Graft Tendon Friction (n=10):
After adhesion scoring was complete, graft tendons were further dissected with preservation of the graft tendon, A2 pulley and proximal phalanx to evaluate graft tendon gliding function51–53. A mechanical actuator with a potentiometer and two load transducers on the proximal and distal ends was used to pull at a rate of 2 mm/sec51–53. Secondand fifth native FDP tendons from the non-surgical forepaw were also tested for friction as a native control.

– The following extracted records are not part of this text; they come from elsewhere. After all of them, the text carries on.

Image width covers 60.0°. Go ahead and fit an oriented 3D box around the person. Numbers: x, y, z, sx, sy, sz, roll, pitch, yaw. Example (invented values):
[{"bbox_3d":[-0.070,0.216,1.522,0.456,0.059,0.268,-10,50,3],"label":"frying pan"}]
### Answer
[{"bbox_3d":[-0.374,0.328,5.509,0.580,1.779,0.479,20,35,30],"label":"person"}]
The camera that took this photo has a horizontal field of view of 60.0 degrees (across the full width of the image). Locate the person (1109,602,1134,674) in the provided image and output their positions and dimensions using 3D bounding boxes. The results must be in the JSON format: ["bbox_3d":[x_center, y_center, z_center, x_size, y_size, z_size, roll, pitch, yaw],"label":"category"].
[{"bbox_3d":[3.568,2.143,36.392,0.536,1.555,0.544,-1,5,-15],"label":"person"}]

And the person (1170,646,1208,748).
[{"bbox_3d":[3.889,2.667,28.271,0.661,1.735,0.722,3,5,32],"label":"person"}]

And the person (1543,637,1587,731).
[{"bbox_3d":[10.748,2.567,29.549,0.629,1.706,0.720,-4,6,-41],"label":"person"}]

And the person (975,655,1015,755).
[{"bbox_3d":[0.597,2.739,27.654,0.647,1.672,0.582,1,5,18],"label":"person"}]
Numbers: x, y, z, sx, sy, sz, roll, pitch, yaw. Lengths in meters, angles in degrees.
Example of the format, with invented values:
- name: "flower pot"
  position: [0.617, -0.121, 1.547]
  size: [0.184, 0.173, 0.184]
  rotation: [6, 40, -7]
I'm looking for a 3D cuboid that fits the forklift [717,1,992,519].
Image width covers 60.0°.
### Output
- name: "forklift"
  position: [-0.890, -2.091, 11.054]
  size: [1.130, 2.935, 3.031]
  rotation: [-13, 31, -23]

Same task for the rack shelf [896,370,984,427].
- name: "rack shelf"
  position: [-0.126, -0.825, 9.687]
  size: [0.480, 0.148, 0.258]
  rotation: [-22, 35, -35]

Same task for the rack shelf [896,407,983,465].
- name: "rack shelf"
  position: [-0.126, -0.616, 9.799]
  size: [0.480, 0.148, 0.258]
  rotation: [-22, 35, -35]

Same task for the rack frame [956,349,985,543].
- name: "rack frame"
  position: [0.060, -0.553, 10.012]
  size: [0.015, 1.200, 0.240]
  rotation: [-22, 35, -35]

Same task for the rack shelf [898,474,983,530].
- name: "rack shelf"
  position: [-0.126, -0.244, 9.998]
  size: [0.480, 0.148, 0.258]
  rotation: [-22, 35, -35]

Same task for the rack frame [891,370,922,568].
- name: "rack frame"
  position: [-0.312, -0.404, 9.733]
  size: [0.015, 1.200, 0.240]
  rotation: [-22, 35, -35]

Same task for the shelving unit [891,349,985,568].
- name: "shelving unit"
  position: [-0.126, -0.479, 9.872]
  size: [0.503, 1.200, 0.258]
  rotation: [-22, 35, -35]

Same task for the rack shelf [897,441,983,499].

Graft Distal/Proximal Repair Strength (n=8):
Distal and proximal repairs were then dissected for repair strength testing. Strength of both treated and control autograft repairs were tested using a servohydraulic testing machine (MTS, Minneapolis, MN) based on established protocol13,15,42. Testing was recorded at a sample rate of 50 Hz with 20 mm/min distraction until failure13,42. Maximal strength to failure and stiffness of the linear region of the force/displacement slope were calculated.
Histology (n=2):
Two tendons from each group were subjected to histological evaluation42. All tendons (distal repair, Zone II and proximal repair) were embedded longitudinally, and sections were taken as close to the middle of the samples as possible. Distal tendon-bone attachments were placed in decalcification solution for two days before being imbedded four days later for H&E staining. Proximal repair and zone II graft were both fixed for two days immediately after collection for H&E staining. All samples were imaged with an Olympus BH-2 (Olympus, Shinjuku, Tokyo, Japan) at x100 and x200 maginfication. Tendon fibers within the tendon, adhesion tissue on the surface, tendon and bone integration at the distal repair and tendon to graft integration at the proximal repair were analyzed with Dimension cell Sens 1–16. (Olympus, Shinjuku, Tokyo, Japan)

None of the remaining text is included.